--- Supplied records ---

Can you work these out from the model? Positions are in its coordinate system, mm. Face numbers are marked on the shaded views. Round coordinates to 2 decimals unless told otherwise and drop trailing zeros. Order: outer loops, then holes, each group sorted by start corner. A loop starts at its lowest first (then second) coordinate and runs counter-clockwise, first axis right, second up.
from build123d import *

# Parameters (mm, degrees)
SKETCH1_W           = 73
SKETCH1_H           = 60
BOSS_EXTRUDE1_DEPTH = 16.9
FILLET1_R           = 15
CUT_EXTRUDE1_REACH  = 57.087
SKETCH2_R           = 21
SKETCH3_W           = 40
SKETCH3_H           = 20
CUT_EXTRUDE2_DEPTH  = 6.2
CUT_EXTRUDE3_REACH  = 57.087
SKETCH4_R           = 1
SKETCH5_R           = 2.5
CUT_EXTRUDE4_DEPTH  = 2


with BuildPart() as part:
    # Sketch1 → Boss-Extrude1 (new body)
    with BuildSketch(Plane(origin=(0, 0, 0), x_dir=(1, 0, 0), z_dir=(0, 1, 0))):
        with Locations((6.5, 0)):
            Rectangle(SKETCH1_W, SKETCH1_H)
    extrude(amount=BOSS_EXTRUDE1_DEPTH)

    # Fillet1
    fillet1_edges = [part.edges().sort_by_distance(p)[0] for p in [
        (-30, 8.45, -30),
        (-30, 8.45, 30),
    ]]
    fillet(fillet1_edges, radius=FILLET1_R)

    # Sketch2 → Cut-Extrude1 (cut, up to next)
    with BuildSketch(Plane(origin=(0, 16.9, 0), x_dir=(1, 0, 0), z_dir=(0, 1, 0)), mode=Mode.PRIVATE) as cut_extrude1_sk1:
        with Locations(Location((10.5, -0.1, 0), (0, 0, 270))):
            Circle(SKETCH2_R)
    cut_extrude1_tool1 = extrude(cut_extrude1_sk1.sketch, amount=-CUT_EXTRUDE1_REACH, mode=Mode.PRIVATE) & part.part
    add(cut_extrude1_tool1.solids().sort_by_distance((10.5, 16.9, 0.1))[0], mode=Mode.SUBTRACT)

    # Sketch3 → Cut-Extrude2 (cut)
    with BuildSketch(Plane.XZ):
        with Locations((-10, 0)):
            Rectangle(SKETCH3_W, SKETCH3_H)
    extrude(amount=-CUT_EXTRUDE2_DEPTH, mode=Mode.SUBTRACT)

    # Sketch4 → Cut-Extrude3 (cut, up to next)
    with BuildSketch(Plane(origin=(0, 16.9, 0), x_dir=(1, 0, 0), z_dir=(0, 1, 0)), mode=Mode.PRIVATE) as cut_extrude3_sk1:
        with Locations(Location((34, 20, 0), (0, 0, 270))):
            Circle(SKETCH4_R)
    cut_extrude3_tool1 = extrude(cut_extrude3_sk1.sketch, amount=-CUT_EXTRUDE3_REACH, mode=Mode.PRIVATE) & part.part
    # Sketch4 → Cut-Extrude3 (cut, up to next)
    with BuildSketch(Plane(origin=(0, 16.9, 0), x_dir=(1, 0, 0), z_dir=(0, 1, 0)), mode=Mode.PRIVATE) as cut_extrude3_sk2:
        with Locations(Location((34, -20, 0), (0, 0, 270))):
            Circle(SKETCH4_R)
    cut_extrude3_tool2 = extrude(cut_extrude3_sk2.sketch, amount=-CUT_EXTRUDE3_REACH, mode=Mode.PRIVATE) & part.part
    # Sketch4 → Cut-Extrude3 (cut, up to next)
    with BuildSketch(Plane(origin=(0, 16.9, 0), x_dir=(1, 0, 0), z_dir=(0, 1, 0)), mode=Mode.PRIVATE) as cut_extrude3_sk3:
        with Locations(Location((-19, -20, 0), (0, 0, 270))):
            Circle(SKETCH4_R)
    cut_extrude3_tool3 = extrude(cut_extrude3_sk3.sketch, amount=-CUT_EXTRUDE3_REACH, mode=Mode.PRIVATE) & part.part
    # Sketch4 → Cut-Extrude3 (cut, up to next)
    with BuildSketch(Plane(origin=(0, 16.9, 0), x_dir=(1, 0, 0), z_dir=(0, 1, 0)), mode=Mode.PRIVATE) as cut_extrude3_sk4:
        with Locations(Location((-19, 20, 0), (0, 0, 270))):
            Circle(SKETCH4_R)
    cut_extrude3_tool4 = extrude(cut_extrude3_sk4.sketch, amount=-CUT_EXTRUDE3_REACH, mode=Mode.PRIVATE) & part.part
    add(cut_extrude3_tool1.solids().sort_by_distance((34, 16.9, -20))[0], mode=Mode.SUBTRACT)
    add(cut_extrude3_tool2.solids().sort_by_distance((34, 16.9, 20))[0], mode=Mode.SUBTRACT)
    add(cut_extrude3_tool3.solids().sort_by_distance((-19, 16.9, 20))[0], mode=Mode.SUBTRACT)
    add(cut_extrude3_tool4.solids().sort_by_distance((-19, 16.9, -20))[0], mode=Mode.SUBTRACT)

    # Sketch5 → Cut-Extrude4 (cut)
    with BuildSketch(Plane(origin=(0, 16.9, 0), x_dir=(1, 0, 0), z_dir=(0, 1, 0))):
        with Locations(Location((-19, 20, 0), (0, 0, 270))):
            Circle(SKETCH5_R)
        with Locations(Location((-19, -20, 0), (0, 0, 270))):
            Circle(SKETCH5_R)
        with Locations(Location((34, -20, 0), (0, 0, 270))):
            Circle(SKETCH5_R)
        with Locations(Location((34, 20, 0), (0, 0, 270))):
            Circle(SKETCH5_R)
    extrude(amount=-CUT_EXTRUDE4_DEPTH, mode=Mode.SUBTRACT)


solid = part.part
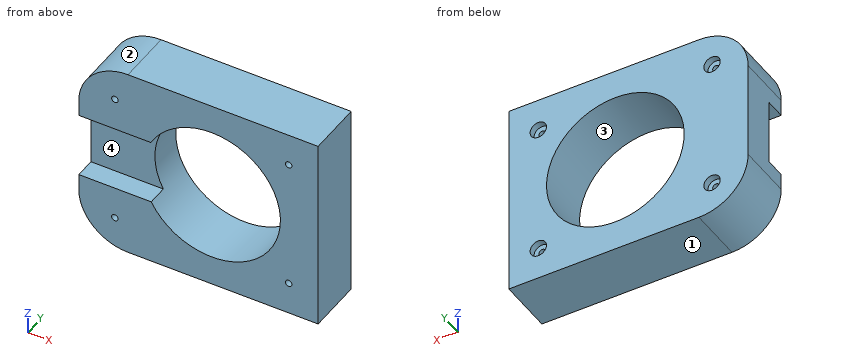
(1) I want a section at B-B, the plane y = 1.5. List the corners of the cut face in (x, z) for me.
(2) I want a section at A-A, the plane x = 34. List the corners of the cut face in (y, z) for me, plus the area to 3 significant figures.
(3) Please list where these lines run through material, in increasing order: probe 1 along Z at (x, y) = (17.5, 13); probe 2 along Z at (x, y) = (28, 4.75); probe 3 along X at (y, z) = (3.25, -17.5).
(4) I want a section at D-D, the plane z = 0.1. List the corners of the cut face in (x, y) for me, plus the area to 3 significant figures.
(5) If we mould it in two halves opening along Z, with no side actions, what happens to the marked faces 1, 2, 3 and 4? For each: pulls with the +Z half, pulls with the -Z half, needs draft (parallel to the pull), parting line crosses it, or undercut.
(6) I want a section at C-C, the plane x = 10.5. List the corners of the cut face in (y, z) for me, plus the area to 3 significant figures.
(7) I'm going to push flat-ended pins straight in: pin 1 Ø4.5 at (x, z) = (-19, -20) entering from +Y; pin 2 Ø5 at (y, z) = (11.5, -19) entering from -X; pin 3 Ø4.5 at (x, z) = (34, 20) entering from -Y; pin 4 Ø5 at (x, y) = (-21, 3.5) entering from +Z. Where does each tip first touch, or does it pass through?
Ans:
1. outline: (-30, -15) arc R15 ccw to (-15, -30) - (43, -30) - (43, 30) - (-15, 30) arc R15 ccw to (-30, 15) - (-30, 10) - (-8.02, 10) arc R21 cw (long way) to (-7.91, -10) - (-30, -10) - close; hole circle Ø2 at (-19, -20); hole circle Ø2 at (-19, 20); hole circle Ø2 at (34, -20); hole circle Ø2 at (34, 20)
2. outline: (0, -30) - (16.9, -30) - (16.9, -22.5) - (14.9, -22.5) - (14.9, -21) - (0, -21) - close; (0, -19) - (14.9, -19) - (14.9, -17.5) - (16.9, -17.5) - (16.9, 17.5) - (14.9, 17.5) - (14.9, 19) - (0, 19) - close; (0, 21) - (14.9, 21) - (14.9, 22.5) - (16.9, 22.5) - (16.9, 30) - (0, 30) - close
2. area: 934 mm2
3. probe 1: z = -30 to -19.7, 19.9 to 30
3. probe 2: z = -30 to -11.51, 11.71 to 30
3. probe 3: x = -29.79 to -0.96, 21.96 to 43
4. outline: (-30, 6.2) - (-10.5, 6.2) - (-10.5, 16.9) - (-30, 16.9) - close; (31.5, 0) - (43, 0) - (43, 16.9) - (31.5, 16.9) - close
4. area: 403 mm2
5. face 1: pulls with the -Z half
5. face 2: pulls with the +Z half
5. face 3: undercut
5. face 4: undercut
6. outline: (0, -30) - (16.9, -30) - (16.9, -20.9) - (0, -20.9) - close; (0, 21.1) - (16.9, 21.1) - (16.9, 30) - (0, 30) - close
6. area: 304 mm2
7. pin 1: stops at y = 14.9
7. pin 2: stops at x = -29.92
7. pin 3: stops at y = 0
7. pin 4: stops at z = 29.59
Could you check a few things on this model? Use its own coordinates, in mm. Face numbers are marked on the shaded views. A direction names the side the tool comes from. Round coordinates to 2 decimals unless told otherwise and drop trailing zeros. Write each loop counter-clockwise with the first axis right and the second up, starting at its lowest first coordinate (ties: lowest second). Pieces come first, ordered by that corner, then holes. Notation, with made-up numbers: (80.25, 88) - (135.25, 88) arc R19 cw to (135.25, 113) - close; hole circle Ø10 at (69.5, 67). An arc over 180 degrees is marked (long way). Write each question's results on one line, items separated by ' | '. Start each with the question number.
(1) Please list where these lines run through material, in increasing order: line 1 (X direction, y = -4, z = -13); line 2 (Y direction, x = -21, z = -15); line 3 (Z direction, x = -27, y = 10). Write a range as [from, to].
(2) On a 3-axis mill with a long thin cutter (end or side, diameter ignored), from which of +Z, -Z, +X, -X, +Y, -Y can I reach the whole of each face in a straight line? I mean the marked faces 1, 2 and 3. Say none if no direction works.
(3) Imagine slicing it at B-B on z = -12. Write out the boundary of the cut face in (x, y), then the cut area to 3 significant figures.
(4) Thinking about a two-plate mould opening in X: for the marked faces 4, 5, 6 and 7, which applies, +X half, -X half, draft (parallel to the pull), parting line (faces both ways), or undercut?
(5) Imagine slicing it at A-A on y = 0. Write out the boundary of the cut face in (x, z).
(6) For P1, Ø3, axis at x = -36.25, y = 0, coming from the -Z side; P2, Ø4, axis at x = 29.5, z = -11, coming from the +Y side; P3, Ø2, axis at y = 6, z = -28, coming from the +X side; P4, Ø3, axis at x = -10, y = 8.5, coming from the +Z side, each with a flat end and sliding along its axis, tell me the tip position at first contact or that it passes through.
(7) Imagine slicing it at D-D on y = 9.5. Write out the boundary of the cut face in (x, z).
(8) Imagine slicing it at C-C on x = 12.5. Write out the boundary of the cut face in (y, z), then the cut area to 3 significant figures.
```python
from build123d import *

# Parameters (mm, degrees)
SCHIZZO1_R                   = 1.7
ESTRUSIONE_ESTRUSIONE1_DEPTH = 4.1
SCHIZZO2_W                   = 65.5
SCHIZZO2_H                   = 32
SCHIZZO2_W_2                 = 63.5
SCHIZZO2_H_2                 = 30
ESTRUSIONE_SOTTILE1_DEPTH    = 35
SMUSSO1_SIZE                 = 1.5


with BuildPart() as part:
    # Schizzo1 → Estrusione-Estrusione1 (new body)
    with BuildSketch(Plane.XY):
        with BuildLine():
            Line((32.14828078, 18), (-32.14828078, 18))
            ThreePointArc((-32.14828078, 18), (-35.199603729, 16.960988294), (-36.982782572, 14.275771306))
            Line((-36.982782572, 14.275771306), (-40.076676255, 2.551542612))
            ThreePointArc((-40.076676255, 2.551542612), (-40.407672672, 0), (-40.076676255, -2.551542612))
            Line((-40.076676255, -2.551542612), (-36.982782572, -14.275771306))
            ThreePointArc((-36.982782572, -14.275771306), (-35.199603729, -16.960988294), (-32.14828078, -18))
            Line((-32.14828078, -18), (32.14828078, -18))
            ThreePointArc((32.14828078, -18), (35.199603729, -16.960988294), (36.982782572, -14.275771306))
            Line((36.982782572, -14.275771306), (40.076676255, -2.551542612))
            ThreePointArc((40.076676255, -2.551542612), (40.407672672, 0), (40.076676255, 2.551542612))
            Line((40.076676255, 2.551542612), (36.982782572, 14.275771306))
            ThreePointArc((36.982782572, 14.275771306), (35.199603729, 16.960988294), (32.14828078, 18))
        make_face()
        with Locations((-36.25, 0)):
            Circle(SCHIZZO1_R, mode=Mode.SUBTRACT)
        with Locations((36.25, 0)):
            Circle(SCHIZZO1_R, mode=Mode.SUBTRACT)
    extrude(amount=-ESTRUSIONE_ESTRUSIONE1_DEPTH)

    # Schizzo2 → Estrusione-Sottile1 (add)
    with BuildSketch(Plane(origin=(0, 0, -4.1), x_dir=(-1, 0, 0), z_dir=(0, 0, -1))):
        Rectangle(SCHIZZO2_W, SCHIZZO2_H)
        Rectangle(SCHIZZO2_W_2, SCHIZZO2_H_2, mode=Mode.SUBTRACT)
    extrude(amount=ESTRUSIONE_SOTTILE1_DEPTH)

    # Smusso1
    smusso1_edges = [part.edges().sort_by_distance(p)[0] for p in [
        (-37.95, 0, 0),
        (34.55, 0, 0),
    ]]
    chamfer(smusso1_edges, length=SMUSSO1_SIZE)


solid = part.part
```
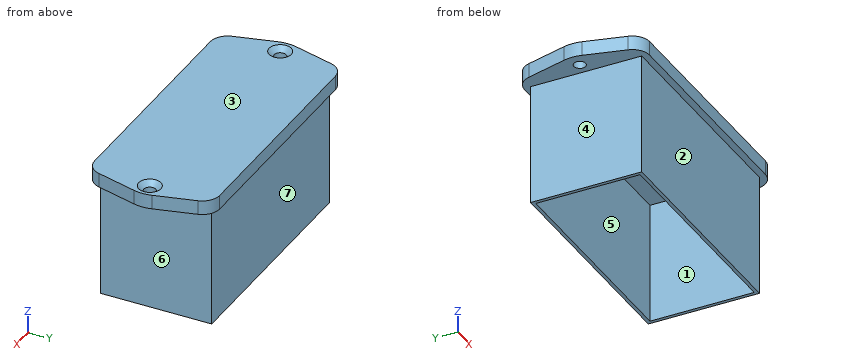
Response:
1) line 1: [-32.75, -31.75], [31.75, 32.75] | line 2: [-16, -15], [15, 16] | line 3: [-4.1, 0]
2) face 1: -Z | face 2: -Z, +X, -X, -Y | face 3: +Z, +X, -X, +Y, -Y
3) outline: (-32.75, -16) - (32.75, -16) - (32.75, 16) - (-32.75, 16) - close; hole (-31.75, -15) - (31.75, -15) - (31.75, 15) - (-31.75, 15) - close | area: 191 mm²
4) face 4: -X half | face 5: undercut | face 6: +X half | face 7: draft
5) outline: (-40.41, -4.1) - (-37.95, -4.1) - (-37.95, -1.5) - (-39.45, 0) - (-40.41, 0) - close; (-34.55, -4.1) - (-32.75, -4.1) - (-32.75, -39.1) - (-31.75, -39.1) - (-31.75, -4.1) - (31.75, -4.1) - (31.75, -39.1) - (32.75, -39.1) - (32.75, -4.1) - (34.55, -4.1) - (34.55, -1.5) - (33.05, 0) - (-33.05, 0) - (-34.55, -1.5) - close; (37.95, -4.1) - (40.41, -4.1) - (40.41, 0) - (39.45, 0) - (37.95, -1.5) - close
6) P1: through | P2: y = 16 | P3: x = 32.75 | P4: z = 0
7) outline: (-38.24, -4.1) - (-32.75, -4.1) - (-32.75, -39.1) - (-31.75, -39.1) - (-31.75, -4.1) - (31.75, -4.1) - (31.75, -39.1) - (32.75, -39.1) - (32.75, -4.1) - (38.24, -4.1) - (38.24, 0) - (-38.24, 0) - close
8) outline: (-18, -4.1) - (-16, -4.1) - (-16, -39.1) - (-15, -39.1) - (-15, -4.1) - (15, -4.1) - (15, -39.1) - (16, -39.1) - (16, -4.1) - (18, -4.1) - (18, 0) - (-18, 0) - close | area: 218 mm²

---

Task goal: From the entries above, restate word for word the lines from the line containing "5. face 3: undercut" to the line containing "7. pin 4: stops at z = 29.59", both ends included, and nothing more.

Expected output:
5. face 3: undercut
5. face 4: undercut
6. outline: (0, -30) - (16.9, -30) - (16.9, -20.9) - (0, -20.9) - close; (0, 21.1) - (16.9, 21.1) - (16.9, 30) - (0, 30) - close
6. area: 304 mm2
7. pin 1: stops at y = 14.9
7. pin 2: stops at x = -29.92
7. pin 3: stops at y = 0
7. pin 4: stops at z = 29.59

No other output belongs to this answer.